Is Dwight Howard Too Immature to Learn from LeBron James' Image Rehabilitation?
Dwight Howard has been on the precipice of making his own "Decision" for some time now. In fact, he already made one decision, then wasn't so sure and finally changed his mind only to eventually find himself right back at square one.
By this point, the Orlando Magic are itching to trade Howard regardless of what he wants to do.
As they should be.
For all his size, athleticism and ability to dominate the painted area, Howard is a headache of Disney-theme park proportions.
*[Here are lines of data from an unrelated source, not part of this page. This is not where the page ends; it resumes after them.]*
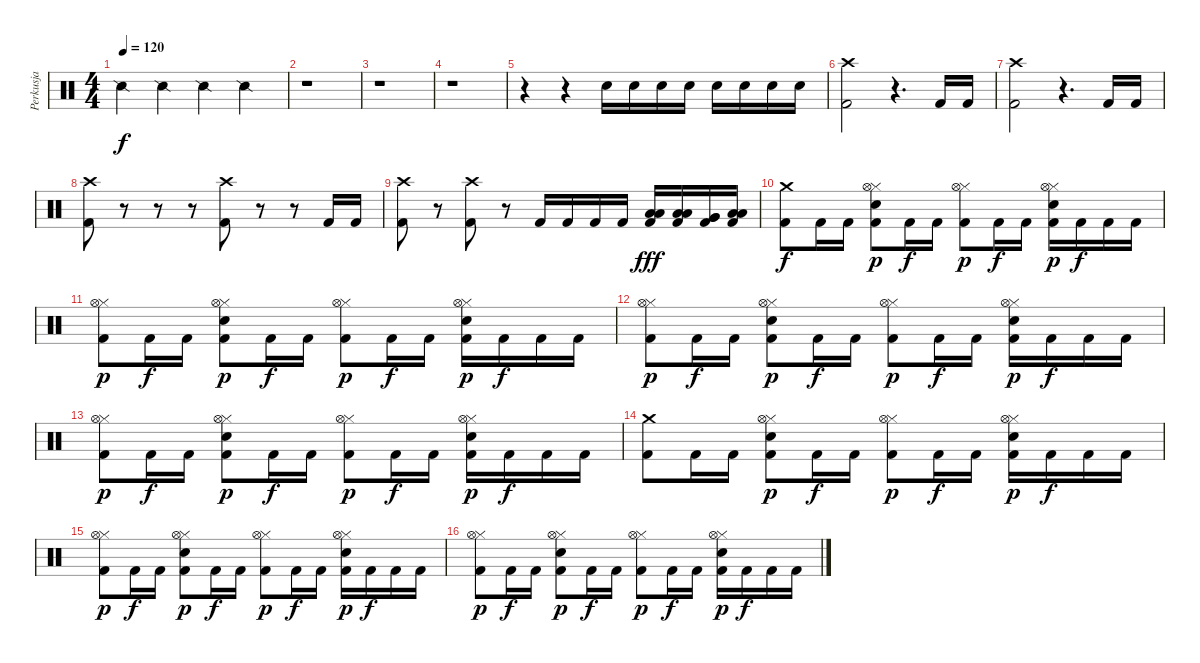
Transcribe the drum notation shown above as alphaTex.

\track ("Perkusja" "Perkusja") {instrument percussion}
\staff {score}
\articulation defaults
\ts (4 4)
\tempo 120
\clef neutral
\ks c "Snare (side stick) 2".4{dy f} "Snare (side stick) 2".4 "Snare (side stick) 2".4 "Snare (side stick) 2".4
|
r.1 |
r.1 |
r.1 |
r.4 r.4 "Electric Snare (hit)".16 "Electric Snare (hit)".16 "Electric Snare (hit)".16 "Electric Snare (hit)".16 "Electric Snare (hit)".16 "Electric Snare (hit)".16 "Electric Snare (hit)".16 "Electric Snare (hit)".16 |
("Kick (hit) 2" "Crash high (hit)").2 r.4{d} "Kick (hit) 2".16 "Kick (hit) 2".16 |
("Kick (hit) 2" "Crash high (hit)").2 r.4{d} "Kick (hit) 2".16 "Kick (hit) 2".16 |
("Kick (hit) 2" "Crash high (hit)").8 r.8 r.8 r.8 ("Kick (hit) 2" "Crash high (hit)").8 r.8 r.8 "Kick (hit) 2".16 "Kick (hit) 2".16 |
("Kick (hit) 2" "Crash high (hit)").8 r.8 ("Kick (hit) 2" "Crash high (hit)").8 r.8 "Kick (hit) 2".16 "Kick (hit) 2".16 "Kick (hit) 2".16 "Kick (hit) 2".16 ("Kick (hit) 2" "Low Floor Tom (hit)" "Low Floor Tom (hit)").16{dy fff} ("Kick (hit) 2" "Low Floor Tom (hit)" "Low Floor Tom (hit)").16 ("Kick (hit) 2" "Very Low Tom (hit)" "Very Low Tom (hit)").16 ("Kick (hit) 2" "Low Tom (hit)" "Low Tom (hit)").16 |
("Kick (hit) 2" "Crash medium (hit)").8{dy f} "Kick (hit) 2".16 "Kick (hit) 2".16 ("Kick (hit) 2" "Electric Snare (hit)" "Hi-Hat (closed)" "Hi-Hat (open)").8{dy p} "Kick (hit) 2".16{dy f} "Kick (hit) 2".16 ("Kick (hit) 2" "Hi-Hat (closed)" "Hi-Hat (open)").8{dy p} "Kick (hit) 2".16{dy f} "Kick (hit) 2".16 ("Kick (hit) 2" "Electric Snare (hit)" "Hi-Hat (closed)" "Hi-Hat (open)").16{dy p} "Kick (hit) 2".16{dy f} "Kick (hit) 2".16 "Kick (hit) 2".16 |
("Kick (hit) 2" "Hi-Hat (closed)" "Hi-Hat (open)").8{dy p} "Kick (hit) 2".16{dy f} "Kick (hit) 2".16 ("Kick (hit) 2" "Electric Snare (hit)" "Hi-Hat (closed)" "Hi-Hat (open)").8{dy p} "Kick (hit) 2".16{dy f} "Kick (hit) 2".16 ("Kick (hit) 2" "Hi-Hat (closed)" "Hi-Hat (open)").8{dy p} "Kick (hit) 2".16{dy f} "Kick (hit) 2".16 ("Kick (hit) 2" "Electric Snare (hit)" "Hi-Hat (closed)" "Hi-Hat (open)").16{dy p} "Kick (hit) 2".16{dy f} "Kick (hit) 2".16 "Kick (hit) 2".16 |
("Kick (hit) 2" "Hi-Hat (closed)" "Hi-Hat (open)").8{dy p} "Kick (hit) 2".16{dy f} "Kick (hit) 2".16 ("Kick (hit) 2" "Electric Snare (hit)" "Hi-Hat (closed)" "Hi-Hat (open)").8{dy p} "Kick (hit) 2".16{dy f} "Kick (hit) 2".16 ("Kick (hit) 2" "Hi-Hat (closed)" "Hi-Hat (open)").8{dy p} "Kick (hit) 2".16{dy f} "Kick (hit) 2".16 ("Kick (hit) 2" "Electric Snare (hit)" "Hi-Hat (closed)" "Hi-Hat (open)").16{dy p} "Kick (hit) 2".16{dy f} "Kick (hit) 2".16 "Kick (hit) 2".16 |
("Kick (hit) 2" "Hi-Hat (closed)" "Hi-Hat (open)").8{dy p} "Kick (hit) 2".16{dy f} "Kick (hit) 2".16 ("Kick (hit) 2" "Electric Snare (hit)" "Hi-Hat (closed)" "Hi-Hat (open)").8{dy p} "Kick (hit) 2".16{dy f} "Kick (hit) 2".16 ("Kick (hit) 2" "Hi-Hat (closed)" "Hi-Hat (open)").8{dy p} "Kick (hit) 2".16{dy f} "Kick (hit) 2".16 ("Kick (hit) 2" "Electric Snare (hit)" "Hi-Hat (closed)" "Hi-Hat (open)").16{dy p} "Kick (hit) 2".16{dy f} "Kick (hit) 2".16 "Kick (hit) 2".16 |
("Kick (hit) 2" "Crash medium (hit)").8 "Kick (hit) 2".16 "Kick (hit) 2".16 ("Kick (hit) 2" "Electric Snare (hit)" "Hi-Hat (closed)" "Hi-Hat (open)").8{dy p} "Kick (hit) 2".16{dy f} "Kick (hit) 2".16 ("Kick (hit) 2" "Hi-Hat (closed)" "Hi-Hat (open)").8{dy p} "Kick (hit) 2".16{dy f} "Kick (hit) 2".16 ("Kick (hit) 2" "Electric Snare (hit)" "Hi-Hat (closed)" "Hi-Hat (open)").16{dy p} "Kick (hit) 2".16{dy f} "Kick (hit) 2".16 "Kick (hit) 2".16 |
("Kick (hit) 2" "Hi-Hat (closed)" "Hi-Hat (open)").8{dy p} "Kick (hit) 2".16{dy f} "Kick (hit) 2".16 ("Kick (hit) 2" "Electric Snare (hit)" "Hi-Hat (closed)" "Hi-Hat (open)").8{dy p} "Kick (hit) 2".16{dy f} "Kick (hit) 2".16 ("Kick (hit) 2" "Hi-Hat (closed)" "Hi-Hat (open)").8{dy p} "Kick (hit) 2".16{dy f} "Kick (hit) 2".16 ("Kick (hit) 2" "Electric Snare (hit)" "Hi-Hat (closed)" "Hi-Hat (open)").16{dy p} "Kick (hit) 2".16{dy f} "Kick (hit) 2".16 "Kick (hit) 2".16 |
("Kick (hit) 2" "Hi-Hat (closed)" "Hi-Hat (open)").8{dy p} "Kick (hit) 2".16{dy f} "Kick (hit) 2".16 ("Kick (hit) 2" "Electric Snare (hit)" "Hi-Hat (closed)" "Hi-Hat (open)").8{dy p} "Kick (hit) 2".16{dy f} "Kick (hit) 2".16 ("Kick (hit) 2" "Hi-Hat (closed)" "Hi-Hat (open)").8{dy p} "Kick (hit) 2".16{dy f} "Kick (hit) 2".16 ("Kick (hit) 2" "Electric Snare (hit)" "Hi-Hat (closed)" "Hi-Hat (open)").16{dy p} "Kick (hit) 2".16{dy f} "Kick (hit) 2".16 "Kick (hit) 2".16
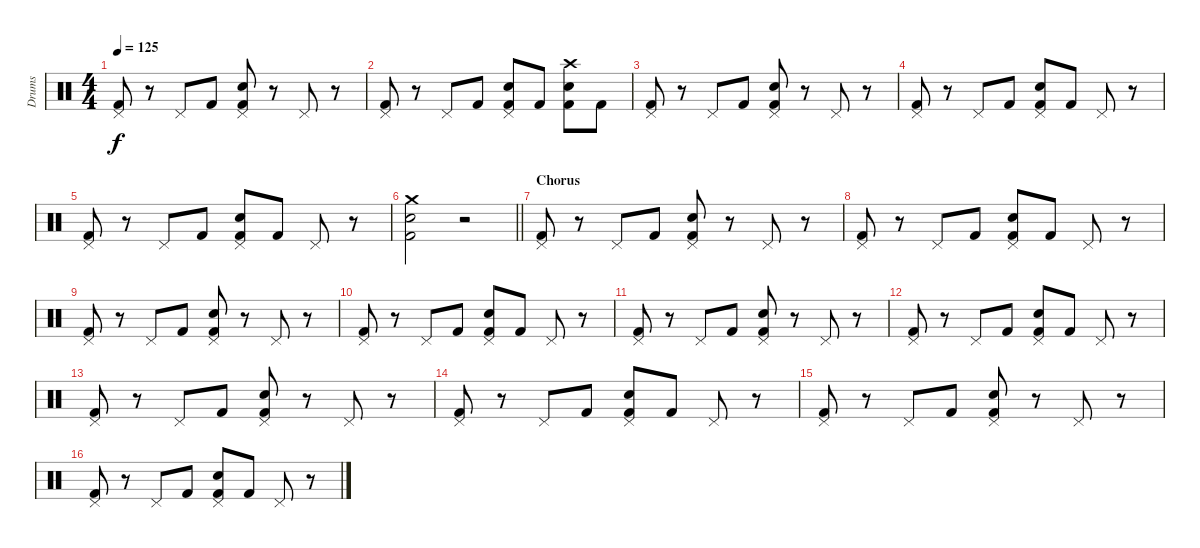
\track ("Drums" "Drums") {instrument percussion}
\staff {score}
\articulation defaults
\ts (4 4)
\tempo 125
\clef neutral
\ks c
("Pedal Hi-Hat (hit)" "Kick (hit) 2").8{dy f} r.8 "Pedal Hi-Hat (hit)".8 "Kick (hit) 2".8 ("Pedal Hi-Hat (hit)" "Electric Snare (hit)" "Kick (hit) 2").8 r.8 "Pedal Hi-Hat (hit)".8 r.8 |
("Pedal Hi-Hat (hit)" "Kick (hit) 2").8 r.8 "Pedal Hi-Hat (hit)".8 "Kick (hit) 2".8 ("Pedal Hi-Hat (hit)" "Electric Snare (hit)" "Kick (hit) 2").8 "Kick (hit) 2".8 ("Crash high (hit)" "Electric Snare (hit)" "Kick (hit) 2").8 "Kick (hit) 2".8 |
("Pedal Hi-Hat (hit)" "Kick (hit) 2").8 r.8 "Pedal Hi-Hat (hit)".8 "Kick (hit) 2".8 ("Pedal Hi-Hat (hit)" "Electric Snare (hit)" "Kick (hit) 2").8 r.8 "Pedal Hi-Hat (hit)".8 r.8 |
("Pedal Hi-Hat (hit)" "Kick (hit) 2").8 r.8 "Pedal Hi-Hat (hit)".8 "Kick (hit) 2".8 ("Pedal Hi-Hat (hit)" "Electric Snare (hit)" "Kick (hit) 2").8 "Kick (hit) 2".8 "Pedal Hi-Hat (hit)".8 r.8 |
("Pedal Hi-Hat (hit)" "Kick (hit) 2").8 r.8 "Pedal Hi-Hat (hit)".8 "Kick (hit) 2".8 ("Pedal Hi-Hat (hit)" "Electric Snare (hit)" "Kick (hit) 2").8 "Kick (hit) 2".8 "Pedal Hi-Hat (hit)".8 r.8 |
\barLineRight lightlight
("Crash medium (hit)" "Electric Snare (hit)" "Kick (hit) 2").2 r.2 |
\section ("" "Chorus")
("Pedal Hi-Hat (hit)" "Kick (hit) 2").8 r.8 "Pedal Hi-Hat (hit)".8 "Kick (hit) 2".8 ("Pedal Hi-Hat (hit)" "Electric Snare (hit)" "Kick (hit) 2").8 r.8 "Pedal Hi-Hat (hit)".8 r.8 |
("Pedal Hi-Hat (hit)" "Kick (hit) 2").8 r.8 "Pedal Hi-Hat (hit)".8 "Kick (hit) 2".8 ("Pedal Hi-Hat (hit)" "Electric Snare (hit)" "Kick (hit) 2").8 "Kick (hit) 2".8 "Pedal Hi-Hat (hit)".8 r.8 |
("Pedal Hi-Hat (hit)" "Kick (hit) 2").8 r.8 "Pedal Hi-Hat (hit)".8 "Kick (hit) 2".8 ("Pedal Hi-Hat (hit)" "Electric Snare (hit)" "Kick (hit) 2").8 r.8 "Pedal Hi-Hat (hit)".8 r.8 |
("Pedal Hi-Hat (hit)" "Kick (hit) 2").8 r.8 "Pedal Hi-Hat (hit)".8 "Kick (hit) 2".8 ("Pedal Hi-Hat (hit)" "Electric Snare (hit)" "Kick (hit) 2").8 "Kick (hit) 2".8 "Pedal Hi-Hat (hit)".8 r.8 |
("Pedal Hi-Hat (hit)" "Kick (hit) 2").8 r.8 "Pedal Hi-Hat (hit)".8 "Kick (hit) 2".8 ("Pedal Hi-Hat (hit)" "Electric Snare (hit)" "Kick (hit) 2").8 r.8 "Pedal Hi-Hat (hit)".8 r.8 |
("Pedal Hi-Hat (hit)" "Kick (hit) 2").8 r.8 "Pedal Hi-Hat (hit)".8 "Kick (hit) 2".8 ("Pedal Hi-Hat (hit)" "Electric Snare (hit)" "Kick (hit) 2").8 "Kick (hit) 2".8 "Pedal Hi-Hat (hit)".8 r.8 |
("Pedal Hi-Hat (hit)" "Kick (hit) 2").8 r.8 "Pedal Hi-Hat (hit)".8 "Kick (hit) 2".8 ("Pedal Hi-Hat (hit)" "Electric Snare (hit)" "Kick (hit) 2").8 r.8 "Pedal Hi-Hat (hit)".8 r.8 |
("Pedal Hi-Hat (hit)" "Kick (hit) 2").8 r.8 "Pedal Hi-Hat (hit)".8 "Kick (hit) 2".8 ("Pedal Hi-Hat (hit)" "Electric Snare (hit)" "Kick (hit) 2").8 "Kick (hit) 2".8 "Pedal Hi-Hat (hit)".8 r.8 |
("Pedal Hi-Hat (hit)" "Kick (hit) 2").8 r.8 "Pedal Hi-Hat (hit)".8 "Kick (hit) 2".8 ("Pedal Hi-Hat (hit)" "Electric Snare (hit)" "Kick (hit) 2").8 r.8 "Pedal Hi-Hat (hit)".8 r.8 |
("Pedal Hi-Hat (hit)" "Kick (hit) 2").8 r.8 "Pedal Hi-Hat (hit)".8 "Kick (hit) 2".8 ("Pedal Hi-Hat (hit)" "Electric Snare (hit)" "Kick (hit) 2").8 "Kick (hit) 2".8 "Pedal Hi-Hat (hit)".8 r.8

At least LeBron James had the "decency" to break Cleveland's heart in the summer rather than derailing an entire season.
And at least James was too half-witted to understand just how obnoxious that hour-long sideshow would be.
At the end of the day, there's never been a LeBron James to hate. There's just the concentrated bi-product of handlers, corporate interests and the win-at-all-costs cult of nihilism that increasingly defines our young stars–a conglomerate of forces that began defining James in high school.
Can anyone really blame James for turning out this way?
He didn't know any better, and now the same PR wonks that ruined him have slowly made him a more innocuous celebrity, a guy you can at least respect no matter how unlikeable he remains.
What's more, the "Decision" was infinitely shameless, but it was also honest.
There was no way to white wash just how transparently heartless it was.
Howard, on the other hand, would like to have it both ways. He's done the majority of his work behind closed doors, quietly undermining his coach only to feign innocence in an entirely predictable and disingenuous attempt to salvage his nice guy image.
Chances are Dwight is indeed a "nice guy" to your face, and only when it doesn't require an ounce of sacrifice.
But, there's absolutely nothing nice about what he put his teammates and the city of Orlando through this season. As if the lockout weren't bad enough, Magic fans probably now wish it had never ended.
Slowly but surely, LeBron James is learning to shut up and play basketball. His detractors will detract, and his apologists will make excuses. He'll accept the consequences either way.
Dwight is on a different, more dangerous path. He thinks he can actually fool his fans into believing he's someone he's not. He's yet to grapple with the fact he's made Orlando the next Cleveland and yet to admit his interest in conspiring to form the league's next "super team."
James may one day win us back with some truth and sobered compunction. Dwight will remain nothing but a fake.